The Ovando Case
The supervising judge of Los Angeles Superior Court in 1999, Fidler presided
over all Rampart-related writs of habeas corpus petitions filed by the District
Attorney's office and defense lawyers to overturn previous criminal
convictions. The Court overturned nearly 100 such cases based on the
revelations of Raphael Perez. FRONTLINE interviewed Fidler on February 7, 2001
Were you directly involved in the Ovando habeas corpus writ?
Yes, that was my case. . . .
So what is your reaction, as a judge who's been doing this a long time, to
the idea that a guy has been dropped into the prison for 23 years, apparently
for all the wrong reasons?
Well, it's horrifying. I mean, the purpose of the criminal justice system is to
see that justice is done, to see that the law is followed equally to all
people. Especially when you're a criminal judge . . . the purpose . . . is to make sure that you don't put any innocent people in prison. . . .
All right. You believe it, you're up for it. You want to get this guy out of
Well, it's not a matter of believing it or not believing it. If a district
attorney comes to you and says, "We've lost confidence in a case, we have
investigated the matter, we believe we have someone improperly imprisoned," of
course, as a judge, you're upset that that case has gotten through the system.
It was the allegations in that case which were so serious. . .
Perez's statements were bad enough. They basically had the shooting going on.
As I recall it, it was alleged to have been accidental, although there were
factors that dealt with the facts of the case themselves that certainly were
troubling. But Ovando's statement was horrific. It basically alleged attempted
murder, that they had attempted to kill him. That's what his statement said.
Do you ever remember any case like this, ever, in your entire time?
And his other allegations, in addition to Ovando--what's your reaction to
those as you hear about them?
Well, initially when Perez came out with all his allegations, at that
point nobody had really questioned his credibility, although clearly he was
cutting a deal for himself. And therefore, his allegations, given the
possibility that they were true, were extremely troubling. . . .
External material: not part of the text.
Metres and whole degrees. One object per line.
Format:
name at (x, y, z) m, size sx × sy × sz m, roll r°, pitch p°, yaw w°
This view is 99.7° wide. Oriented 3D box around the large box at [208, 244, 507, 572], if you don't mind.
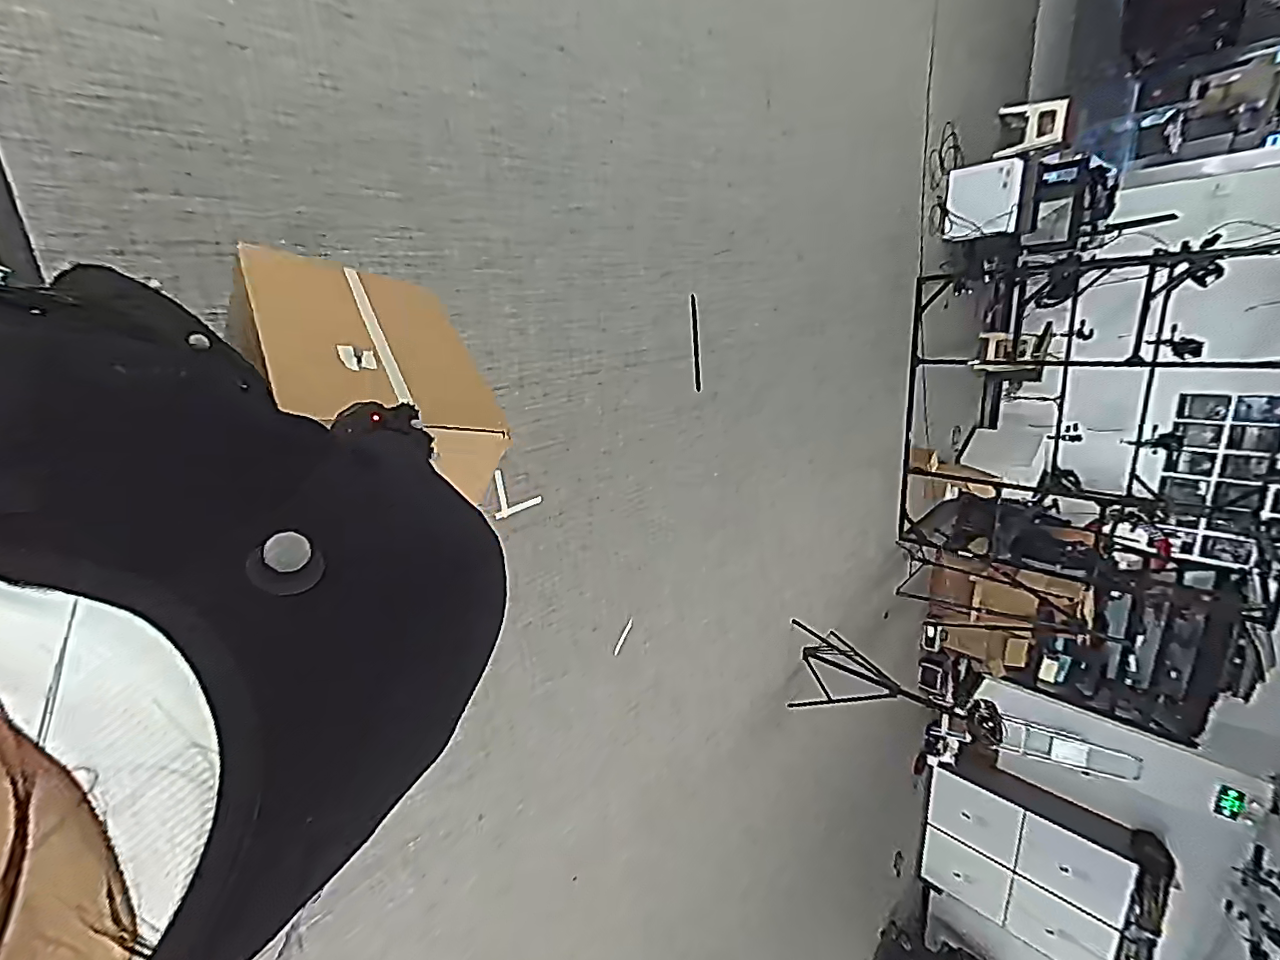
large box at (-0.489, -0.111, 0.906) m, size 0.320 × 0.408 × 0.320 m, roll -1°, pitch 139°, yaw -45°

The district attorney took Perez's statements. Perez named a specific number of
cases that he could recall. He named defendants or incidents that they were
able to match up. The district attorney attempted to interview the defendants
who he named as having been unjustly imprisoned, that either evidence was
planted or there was tainted testimony. The district attorney attempted to
corroborate that information.
When they had corroborated it to their satisfaction, they took the unusual tack
of bringing their own writs of habeas corpus, which normally are brought by the
defendant, not by the prosecutor. If they had an attorney, they would notify
defense counsel and said, "We've done an investigation. We have information
that your client may be innocent. We've lost confidence." And those are really
the key words. "We've lost confidence in the conviction, and we wish to
bring a writ of habeas corpus, have the court grant it, release the
individual." And that's what happened in some 100 cases.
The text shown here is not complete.